*YOUR INSTRUCTIONS:* Set down the final part of the listing, which starts at the line containing "Now for the car (1076,855,1117,887), in" and runs to the last line, exactly and completely.

START RECORDED DATA

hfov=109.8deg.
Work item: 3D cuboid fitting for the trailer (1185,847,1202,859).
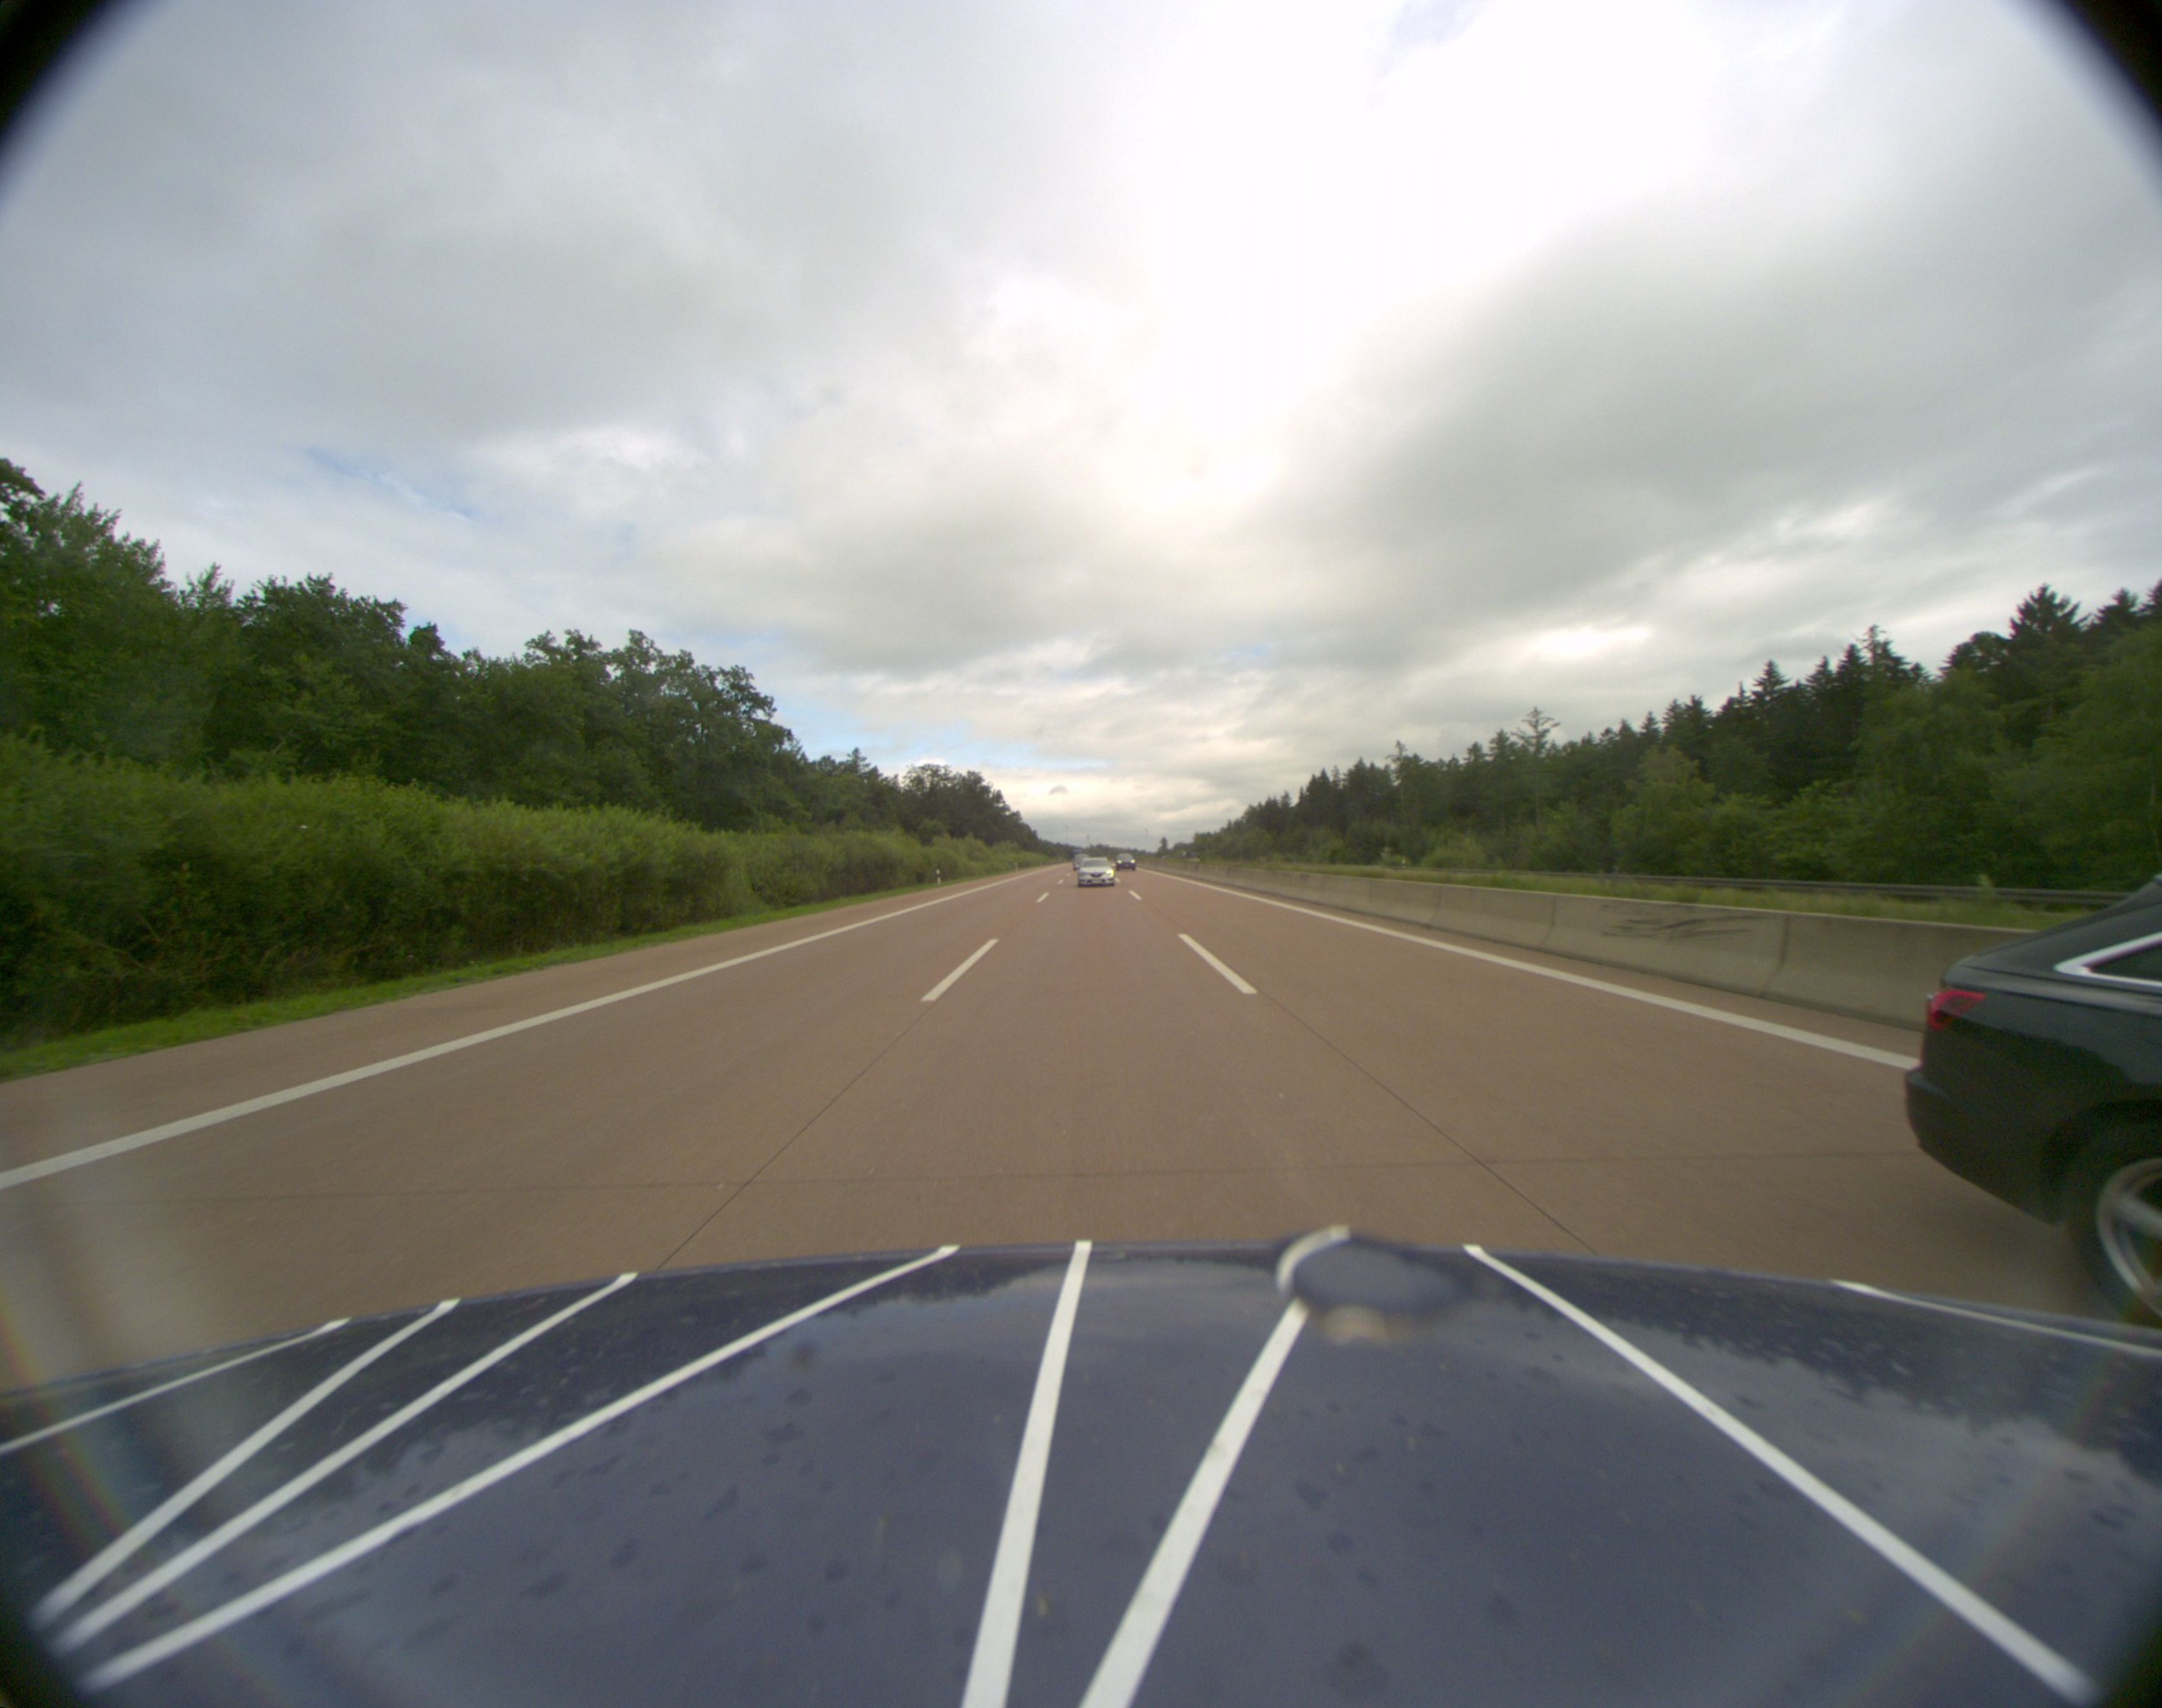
[{"bbox_3d":[21.214,-0.157,143.176,2.337,2.149,6.189,-2,0,1],"label":"trailer"}]

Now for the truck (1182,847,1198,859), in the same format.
[{"bbox_3d":[21.328,-0.215,149.292,2.352,2.149,6.043,-2,0,1],"label":"truck"}]

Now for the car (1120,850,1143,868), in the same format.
[{"bbox_3d":[4.992,0.436,75.479,1.998,1.689,5.252,-2,0,1],"label":"car"}]

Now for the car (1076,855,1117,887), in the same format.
[{"bbox_3d":[0.861,0.823,38.563,1.923,1.515,4.001,-2,0,3],"label":"car"}]

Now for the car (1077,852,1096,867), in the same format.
[{"bbox_3d":[0.619,0.608,84.401,1.986,1.499,4.052,-2,0,1],"label":"car"}]

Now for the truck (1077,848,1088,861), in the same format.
[{"bbox_3d":[0.512,0.250,243.854,2.956,3.705,7.950,-5,0,1],"label":"truck"}]

END RECORDED DATA

*OUTPUT BELOW:*
Now for the car (1076,855,1117,887), in the same format.
[{"bbox_3d":[0.861,0.823,38.563,1.923,1.515,4.001,-2,0,3],"label":"car"}]

Now for the car (1077,852,1096,867), in the same format.
[{"bbox_3d":[0.619,0.608,84.401,1.986,1.499,4.052,-2,0,1],"label":"car"}]

Now for the truck (1077,848,1088,861), in the same format.
[{"bbox_3d":[0.512,0.250,243.854,2.956,3.705,7.950,-5,0,1],"label":"truck"}]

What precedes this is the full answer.